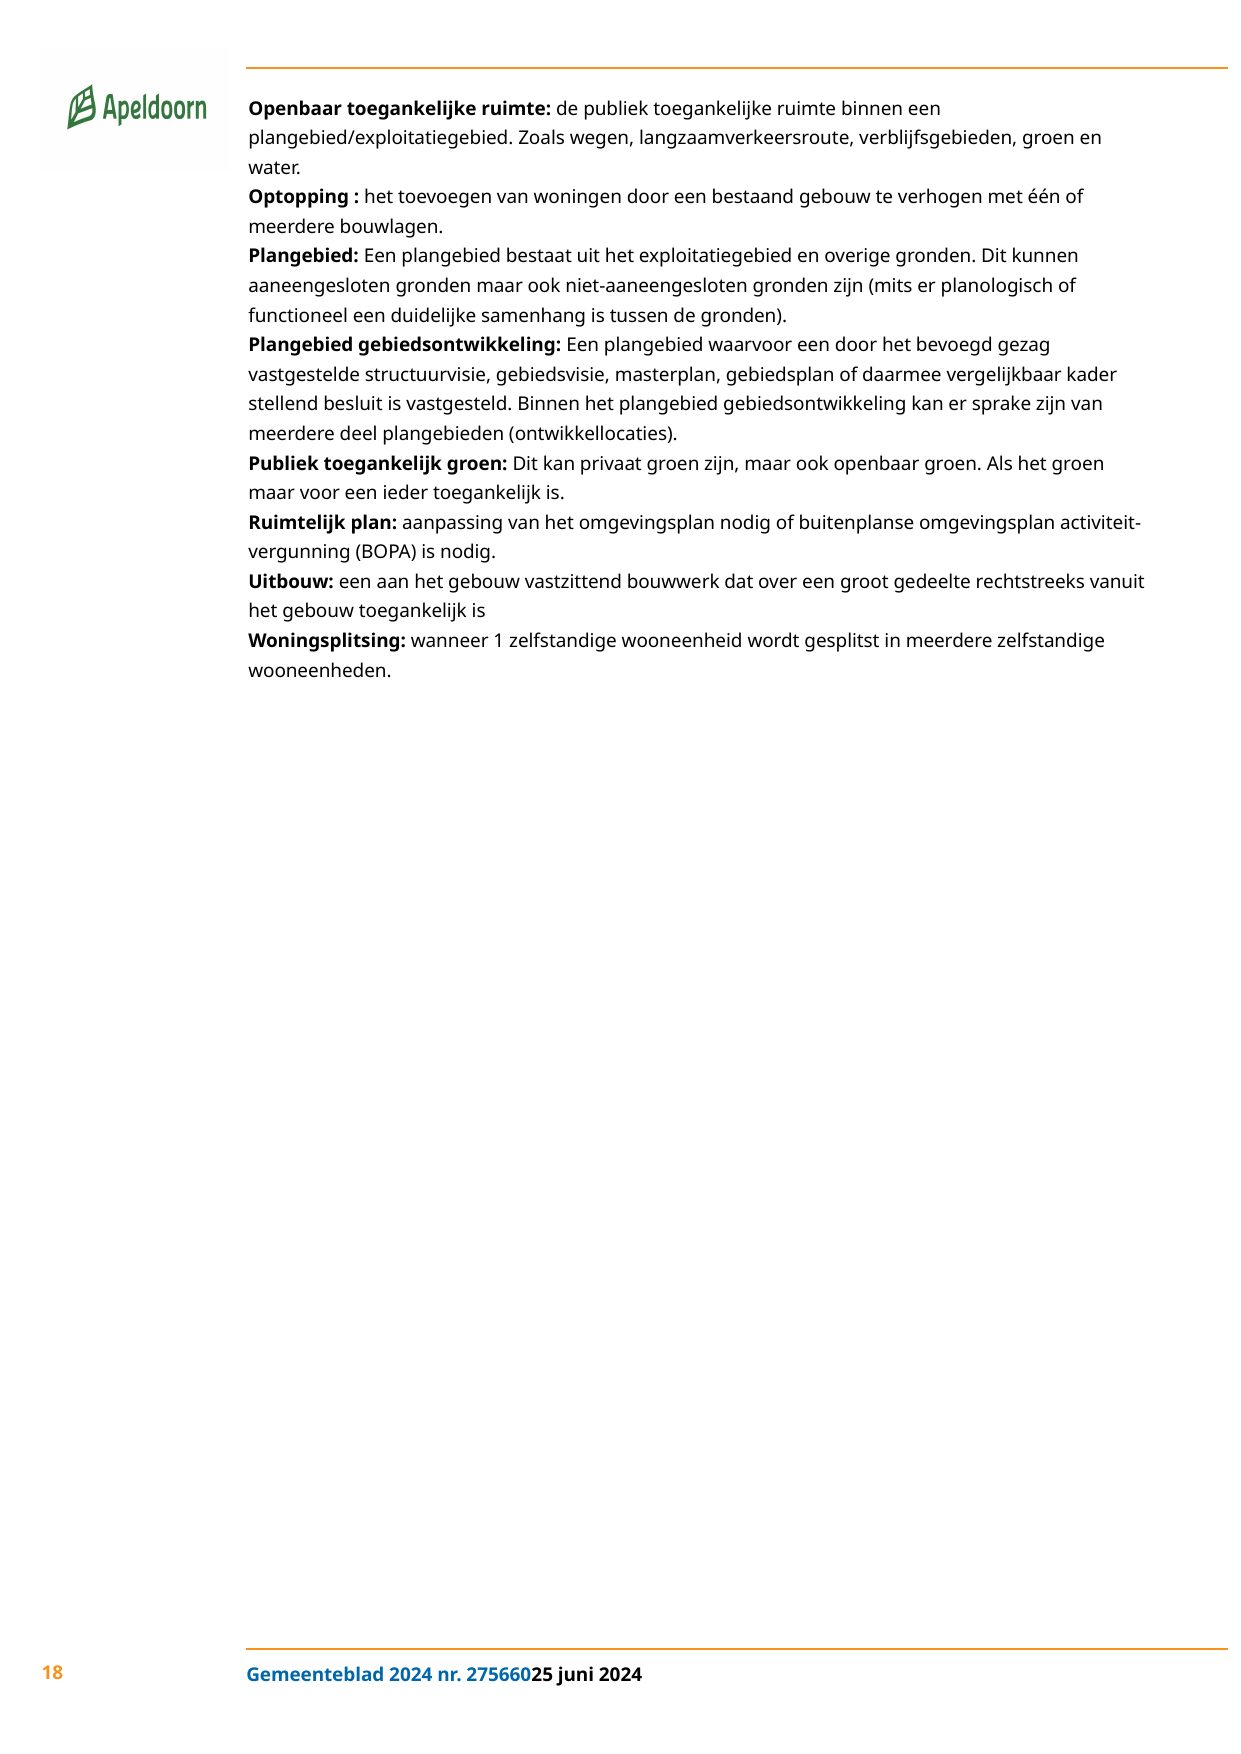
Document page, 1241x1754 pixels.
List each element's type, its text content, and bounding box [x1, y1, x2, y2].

text Uitbouw: een aan het gebouw vastzittend bouwwerk dat over een groot gedeelte rechtstreeks vanuit het gebouw toegankelijk is [248, 568, 1152, 623]
text Ruimtelijk plan: aanpassing van het omgevingsplan nodig of buitenplanse omgevingsplan activiteit- vergunning (BOPA) is nodig. [248, 509, 1152, 564]
text Plangebied gebiedsontwikkeling: Een plangebied waarvoor een door het bevoegd gezag vastgestelde structuurvisie, gebiedsvisie, masterplan, gebiedsplan of daarmee vergelijkbaar kader stellend besluit is vastgesteld. Binnen het plangebied gebiedsontwikkeling kan er sprake zijn van meerdere deel plangebieden (ontwikkellocaties). [248, 331, 1152, 446]
picture [41, 47, 231, 172]
text Woningsplitsing: wanneer 1 zelfstandige wooneenheid wordt gesplitst in meerdere zelfstandige wooneenheden. [248, 627, 1152, 683]
text Publiek toegankelijk groen: Dit kan privaat groen zijn, maar ook openbaar groen. Als het groen maar voor een ieder toegankelijk is. [248, 450, 1152, 505]
text Openbaar toegankelijke ruimte: de publiek toegankelijke ruimte binnen een plangebied/exploitatiegebied. Zoals wegen, langzaamverkeersroute, verblijfsgebieden, groen en water. [248, 95, 1152, 180]
text Optopping : het toevoegen van woningen door een bestaand gebouw te verhogen met één of meerdere bouwlagen. [248, 183, 1152, 239]
text Plangebied: Een plangebied bestaat uit het exploitatiegebied en overige gronden. Dit kunnen aaneengesloten gronden maar ook niet-aaneengesloten gronden zijn (mits er planologisch of functioneel een duidelijke samenhang is tussen de gronden). [248, 243, 1152, 328]
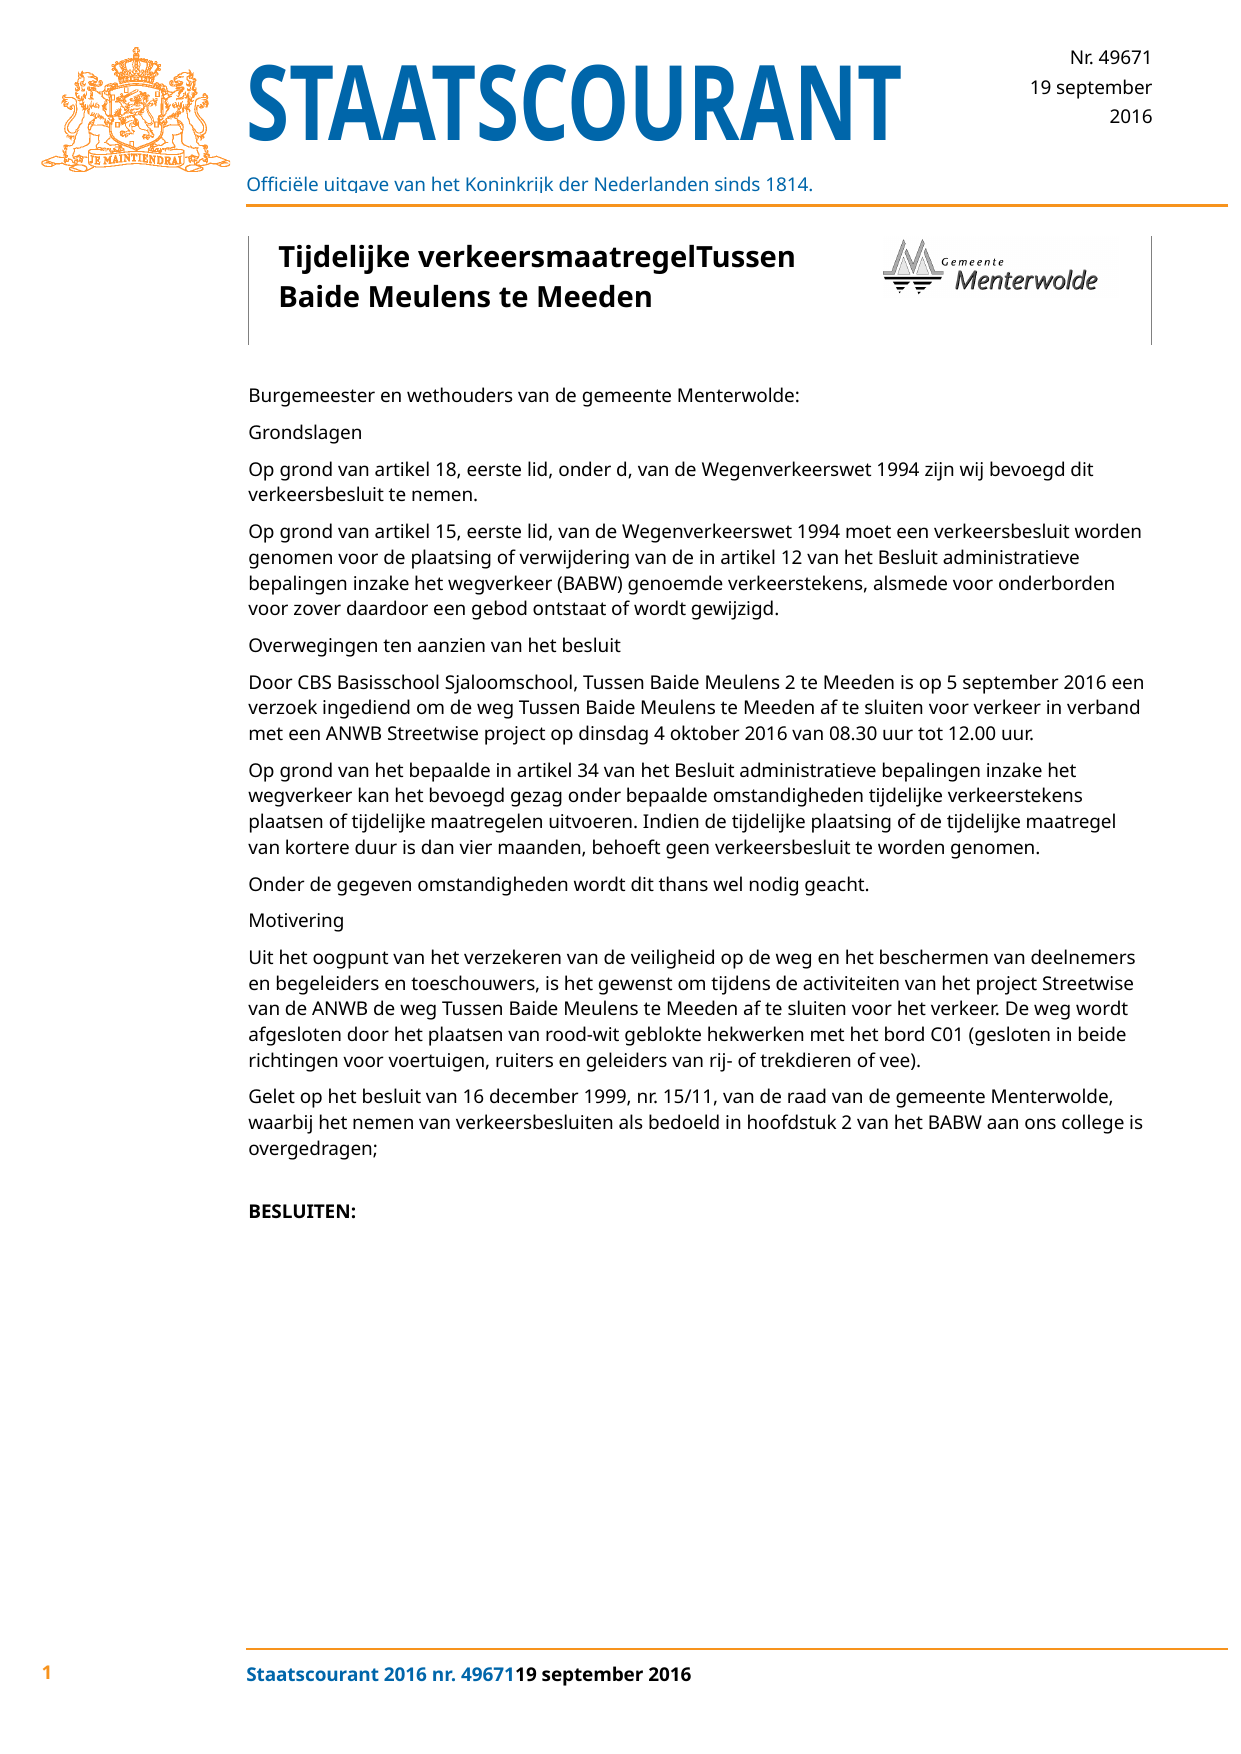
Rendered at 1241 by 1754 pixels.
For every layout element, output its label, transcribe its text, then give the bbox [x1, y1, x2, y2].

text Op grond van het bepaalde in artikel 34 van het Besluit administratieve bepalingen inzake het wegverkeer kan het bevoegd gezag onder bepaalde omstandigheden tijdelijke verkeerstekens plaatsen of tijdelijke maatregelen uitvoeren. Indien de tijdelijke plaatsing of de tijdelijke maatregel van kortere duur is dan vier maanden, behoeft geen verkeersbesluit te worden genomen. [248, 757, 1152, 860]
picture [882, 236, 1119, 298]
text Grondslagen [248, 419, 1152, 445]
table_header Tijdelijke verkeersmaatregelTussen Baide Meulens te Meeden [249, 236, 850, 345]
table_header [850, 236, 1151, 345]
text Overwegingen ten aanzien van het besluit [248, 632, 1152, 658]
text Op grond van artikel 15, eerste lid, van de Wegenverkeerswet 1994 moet een verkeersbesluit worden genomen voor de plaatsing of verwijdering van de in artikel 12 van het Besluit administratieve bepalingen inzake het wegverkeer (BABW) genoemde verkeerstekens, alsmede voor onderborden voor zover daardoor een gebod ontstaat of wordt gewijzigd. [248, 518, 1152, 621]
picture [41, 47, 231, 172]
text Door CBS Basisschool Sjaloomschool, Tussen Baide Meulens 2 te Meeden is op 5 september 2016 een verzoek ingediend om de weg Tussen Baide Meulens te Meeden af te sluiten voor verkeer in verband met een ANWB Streetwise project op dinsdag 4 oktober 2016 van 08.30 uur tot 12.00 uur. [248, 669, 1152, 746]
text Burgemeester en wethouders van de gemeente Menterwolde: [248, 383, 1152, 408]
text Onder de gegeven omstandigheden wordt dit thans wel nodig geacht. [248, 871, 1152, 897]
text BESLUITEN: [248, 1198, 1152, 1224]
text Uit het oogpunt van het verzekeren van de veiligheid op de weg en het beschermen van deelnemers en begeleiders en toeschouwers, is het gewenst om tijdens de activiteiten van het project Streetwise van de ANWB de weg Tussen Baide Meulens te Meeden af te sluiten voor het verkeer. De weg wordt afgesloten door het plaatsen van rood-wit geblokte hekwerken met het bord C01 (gesloten in beide richtingen voor voertuigen, ruiters en geleiders van rij- of trekdieren of vee). [248, 944, 1152, 1073]
text Gelet op het besluit van 16 december 1999, nr. 15/11, van de raad van de gemeente Menterwolde, waarbij het nemen van verkeersbesluiten als bedoeld in hoofdstuk 2 van het BABW aan ons college is overgedragen; [248, 1084, 1152, 1161]
text Motivering [248, 907, 1152, 933]
text Op grond van artikel 18, eerste lid, onder d, van de Wegenverkeerswet 1994 zijn wij bevoegd dit verkeersbesluit te nemen. [248, 456, 1152, 507]
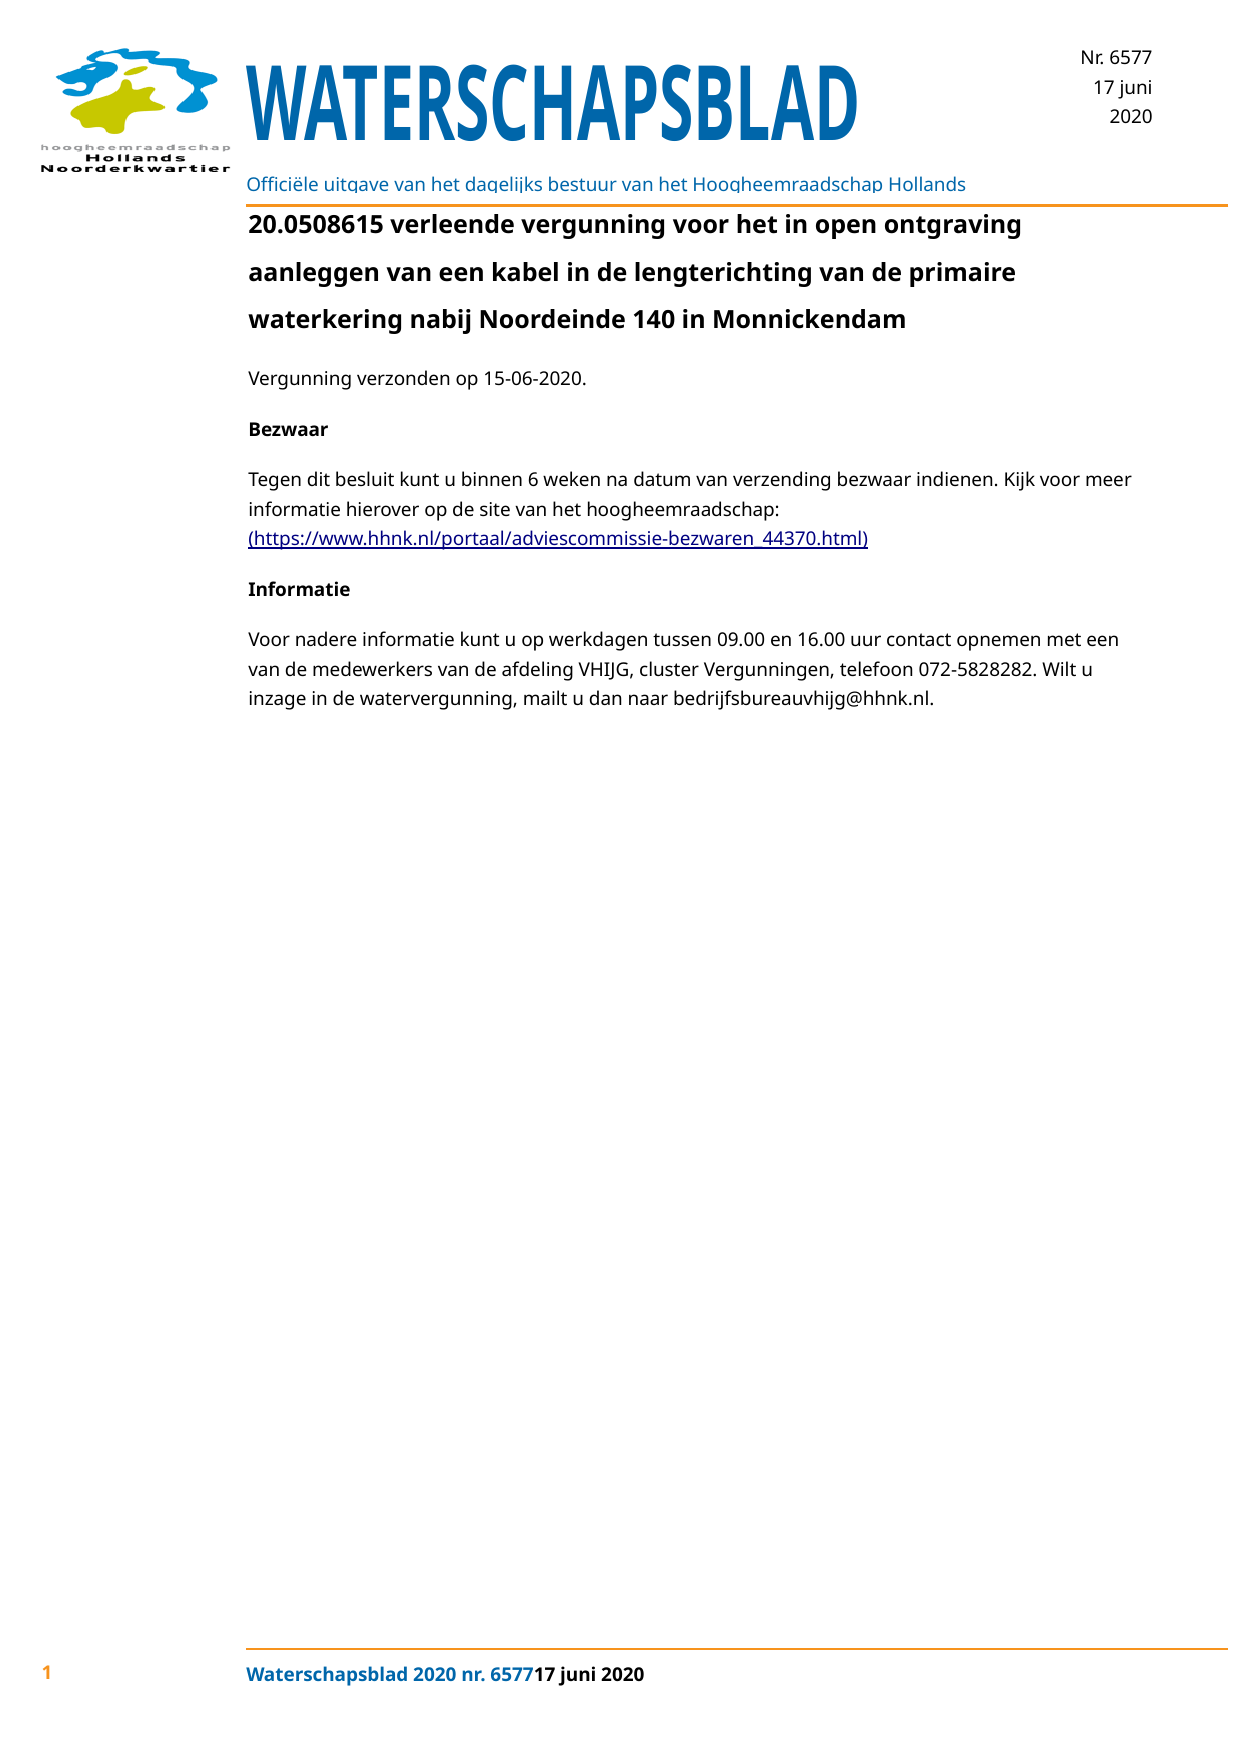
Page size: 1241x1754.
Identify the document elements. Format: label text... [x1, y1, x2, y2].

picture [41, 47, 231, 172]
text 20.0508615 verleende vergunning voor het in open ontgraving aanleggen van een kabel in de lengterichting van de primaire waterkering nabij Noordeinde 140 in Monnickendam [248, 207, 1152, 336]
text Tegen dit besluit kunt u binnen 6 weken na datum van verzending bezwaar indienen. Kijk voor meer informatie hierover op de site van het hoogheemraadschap: (https://www.hhnk.nl/portaal/adviescommissie-bezwaren_44370.html) [248, 466, 1152, 551]
text Vergunning verzonden op 15-06-2020. [248, 366, 1152, 391]
text Bezwaar [248, 416, 1152, 442]
text Voor nadere informatie kunt u op werkdagen tussen 09.00 en 16.00 uur contact opnemen met een van de medewerkers van de afdeling VHIJG, cluster Vergunningen, telefoon 072-5828282. Wilt u inzage in de watervergunning, mailt u dan naar bedrijfsbureauvhijg@hhnk.nl. [248, 626, 1152, 711]
text Informatie [248, 576, 1152, 602]

### What the task asks
Could you output exactly the lines above, from the line with "text Gelet op" up to and including the line with "text 20.0508615 verleende", and nothing else, skipping the pictures?

### Response area
text Gelet op het besluit van 16 december 1999, nr. 15/11, van de raad van de gemeente Menterwolde, waarbij het nemen van verkeersbesluiten als bedoeld in hoofdstuk 2 van het BABW aan ons college is overgedragen; [248, 1084, 1152, 1161]
text Motivering [248, 907, 1152, 933]
text Op grond van artikel 18, eerste lid, onder d, van de Wegenverkeerswet 1994 zijn wij bevoegd dit verkeersbesluit te nemen. [248, 456, 1152, 507]
Page size: 1241x1754.
Identify the document elements. Format: label text... [x1, y1, x2, y2].

picture [41, 47, 231, 172]
text 20.0508615 verleende vergunning voor het in open ontgraving aanleggen van een kabel in de lengterichting van de primaire waterkering nabij Noordeinde 140 in Monnickendam [248, 207, 1152, 336]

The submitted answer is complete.